小孩子喜欢甜食,一溜烟跑向厨房,秉良则跟着我上了楼上的卧室。我心里有气,气他什么都不跟我说,也不理他,掏出好好的衣服一件一件的整理,秉良关好门,坐到床边和我一起叠衣服,半天没说话,令人烦闷的沉默。
我忍无可忍,丢下手里的东西向卧室门口走,秉良倏地拉住我的手,抚着手背,半晌才吐出一句话,“有点事要离开一段时间,可能几天,很快。”
我舒了口气,点点头,眼睛早已模糊,并不知道回国意味着什么,但心里却隐隐的不安。还记得秉良给我讲家族的事时那种眼神和反应,他这次回国我总觉得和那件事有关。

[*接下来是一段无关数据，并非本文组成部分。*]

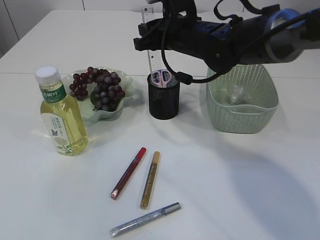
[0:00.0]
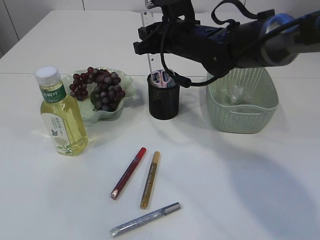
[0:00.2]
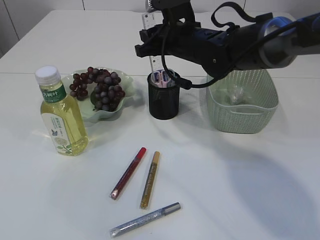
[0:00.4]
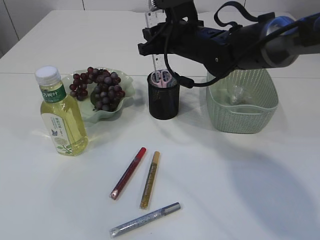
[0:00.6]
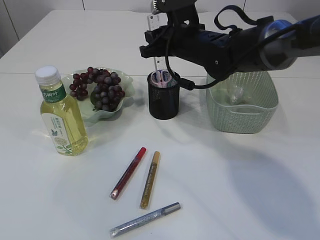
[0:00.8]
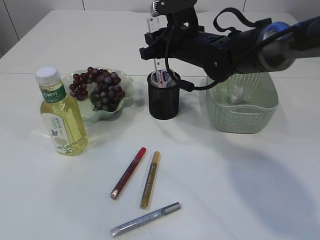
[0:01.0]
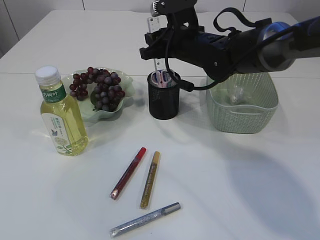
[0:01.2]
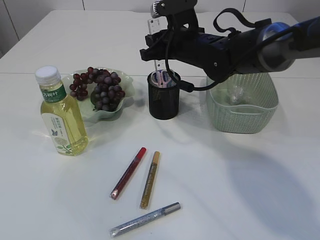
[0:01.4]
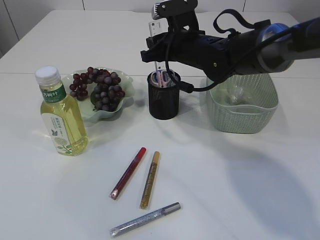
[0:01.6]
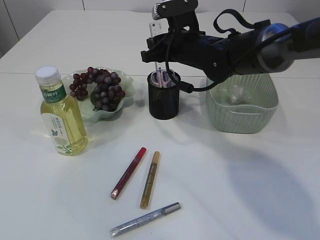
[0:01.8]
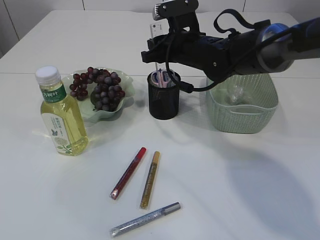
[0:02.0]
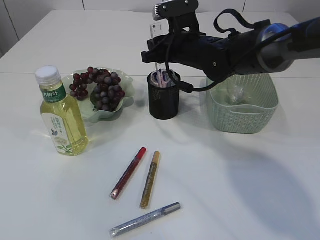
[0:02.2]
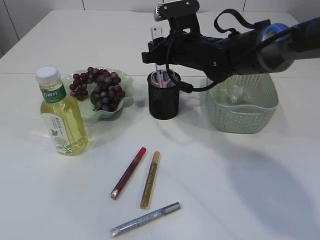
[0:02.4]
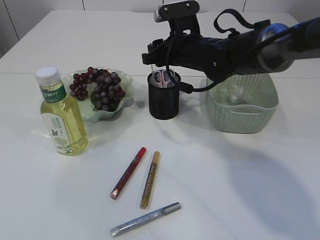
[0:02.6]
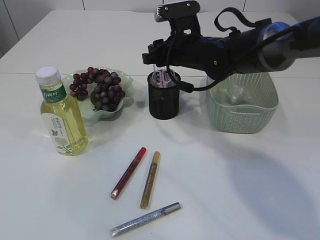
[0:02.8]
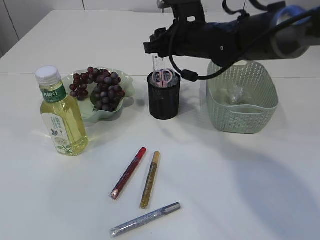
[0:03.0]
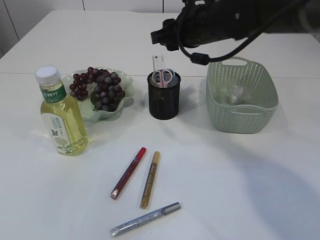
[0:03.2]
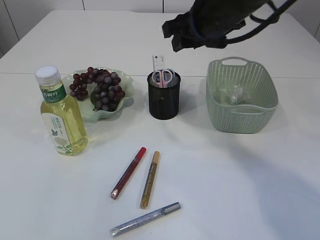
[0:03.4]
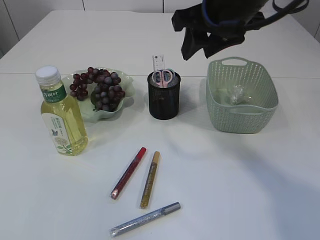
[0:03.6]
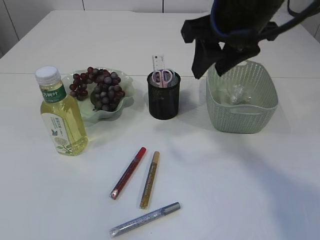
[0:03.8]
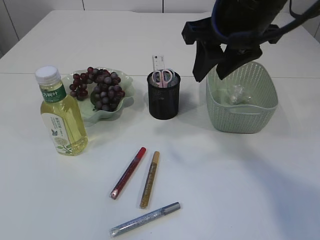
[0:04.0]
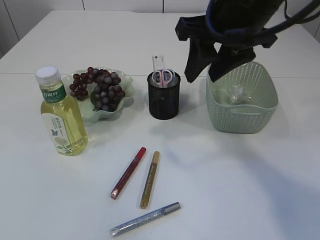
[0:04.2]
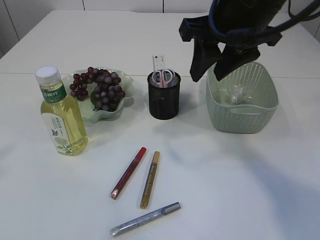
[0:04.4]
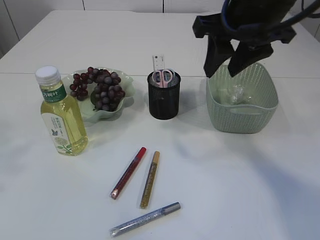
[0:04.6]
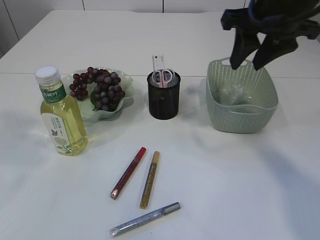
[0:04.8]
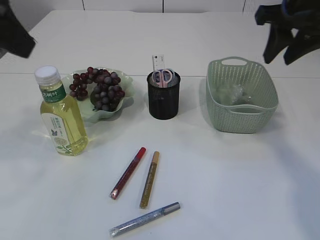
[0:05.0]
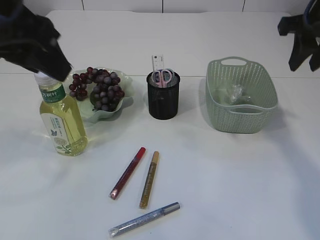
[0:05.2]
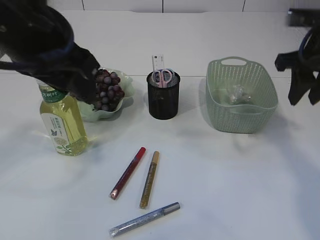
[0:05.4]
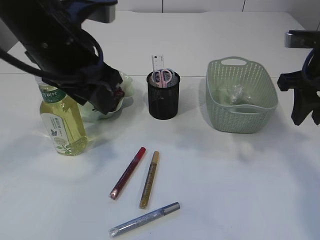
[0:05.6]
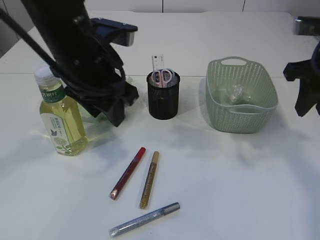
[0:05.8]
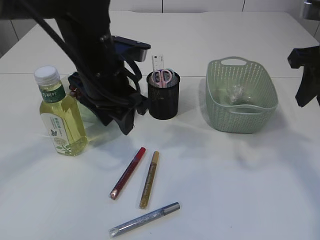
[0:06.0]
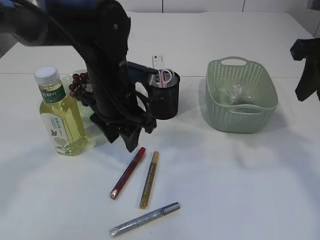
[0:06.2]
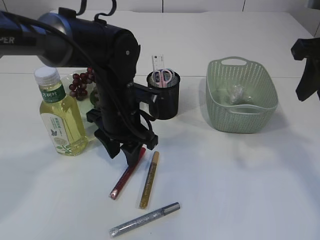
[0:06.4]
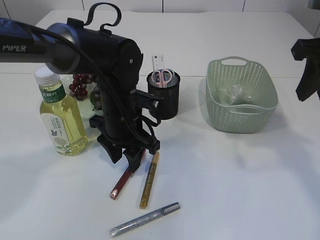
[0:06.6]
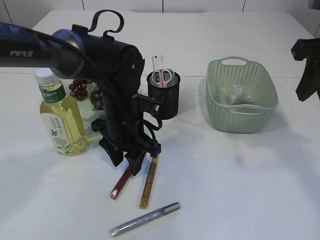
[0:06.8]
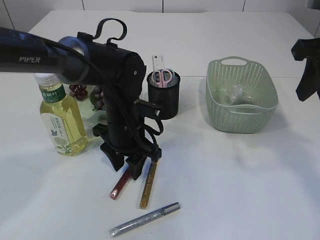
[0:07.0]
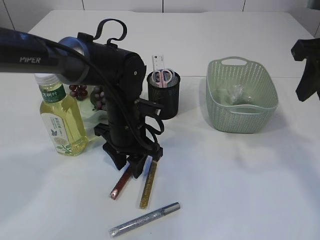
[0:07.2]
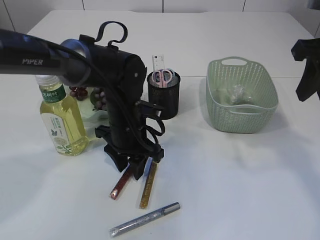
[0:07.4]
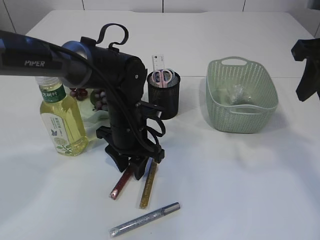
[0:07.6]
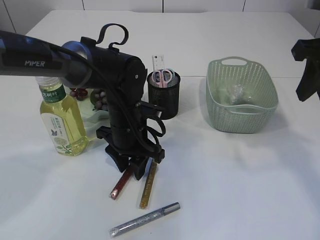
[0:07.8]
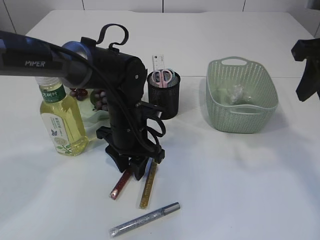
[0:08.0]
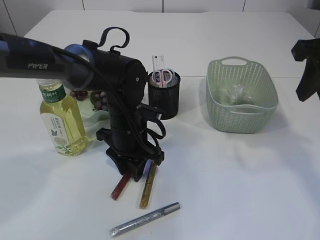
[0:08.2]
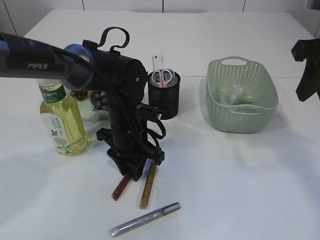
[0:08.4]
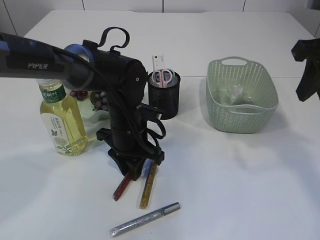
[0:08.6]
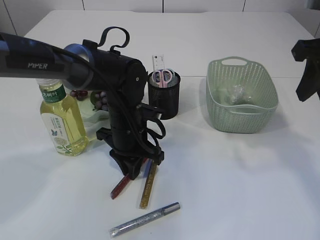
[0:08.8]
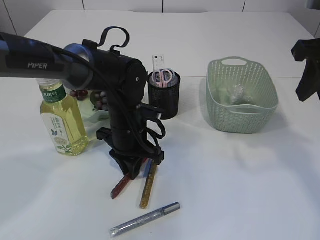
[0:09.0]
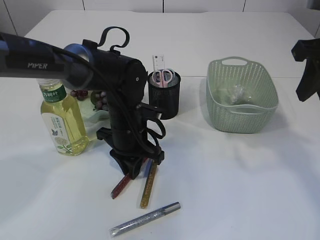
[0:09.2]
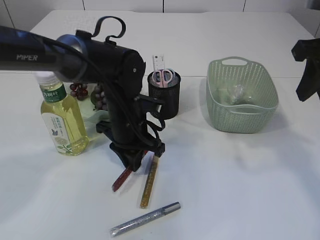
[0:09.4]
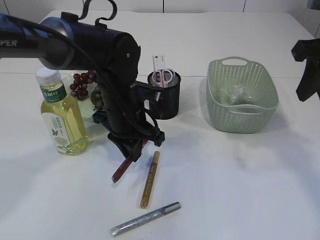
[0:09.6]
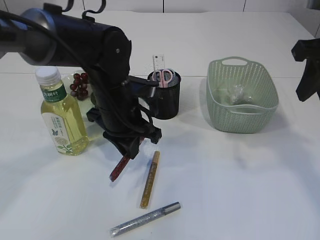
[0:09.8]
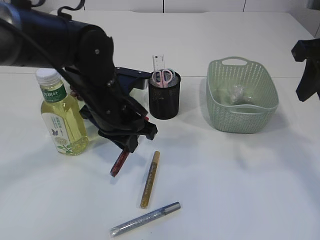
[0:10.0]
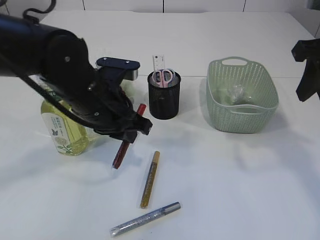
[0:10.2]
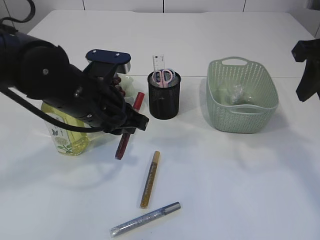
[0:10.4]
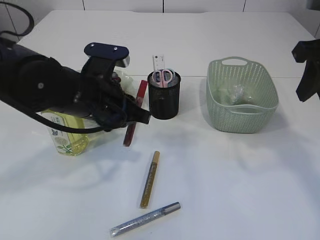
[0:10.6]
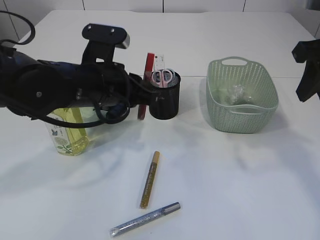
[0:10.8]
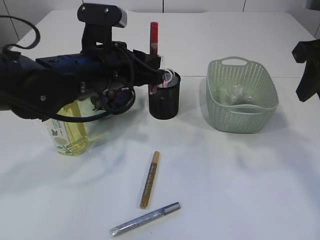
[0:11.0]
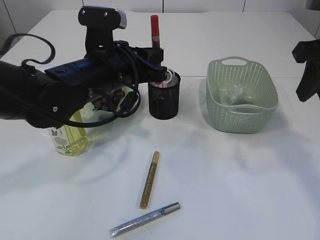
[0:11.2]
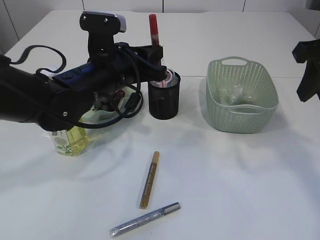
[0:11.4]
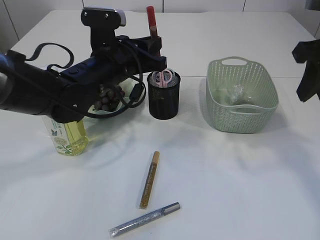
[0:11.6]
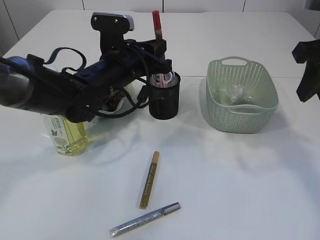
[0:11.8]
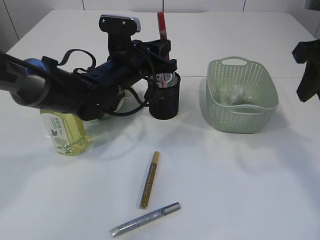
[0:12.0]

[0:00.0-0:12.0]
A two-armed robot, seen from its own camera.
Step, 0:00.0 to 0:03.4: Place the ruler into the pen holder.
Step, 0:03.6 to 0:09.8: pick up the red glue.
0:00.0 to 0:03.0: The grippers move only a little.
0:03.0 to 0:04.4: The right gripper travels backward and upward by some 15 cm.
0:04.4 to 0:06.0: The left gripper travels downward, forward and to the right by some 35 cm; the right gripper moves to the right, some 15 cm.
0:06.0 to 0:07.6: The left gripper travels downward by roughly 15 cm.
0:07.6 to 0:09.0: The left gripper closes.
0:09.0 to 0:10.4: The left gripper moves upward and backward, some 10 cm.
0:10.4 to 0:12.0: The left gripper is displaced forward by about 10 cm.

我推着他的手指,松开他的手,几步走到卧室门前,拧开房门,“砰”,门被他重重的关住,他也从身后抱住了我,“听我说,我只离开几天,你和好好哪儿也别去,等着我回来,我答应你,新酒酿好之前一定回来,我发誓。”
眼泪噗噗的落下,不知道为什么这么难过,可能是一直的依赖和得来不易让我如此脆弱,秉良扭过我的身体抱紧我,喉咙里也有断断续续的声音,这更让我害怕,搂紧他的腰,抬起泪眼看着他。
能不能别回去,我和好好离不开你,一刻都不行。
真想这样说,可看着他的眼睛却又说不出来,仇恨在他心里是个死结,我越是要捍卫,他就会越防备,下次真的可能连招呼都不打就离开。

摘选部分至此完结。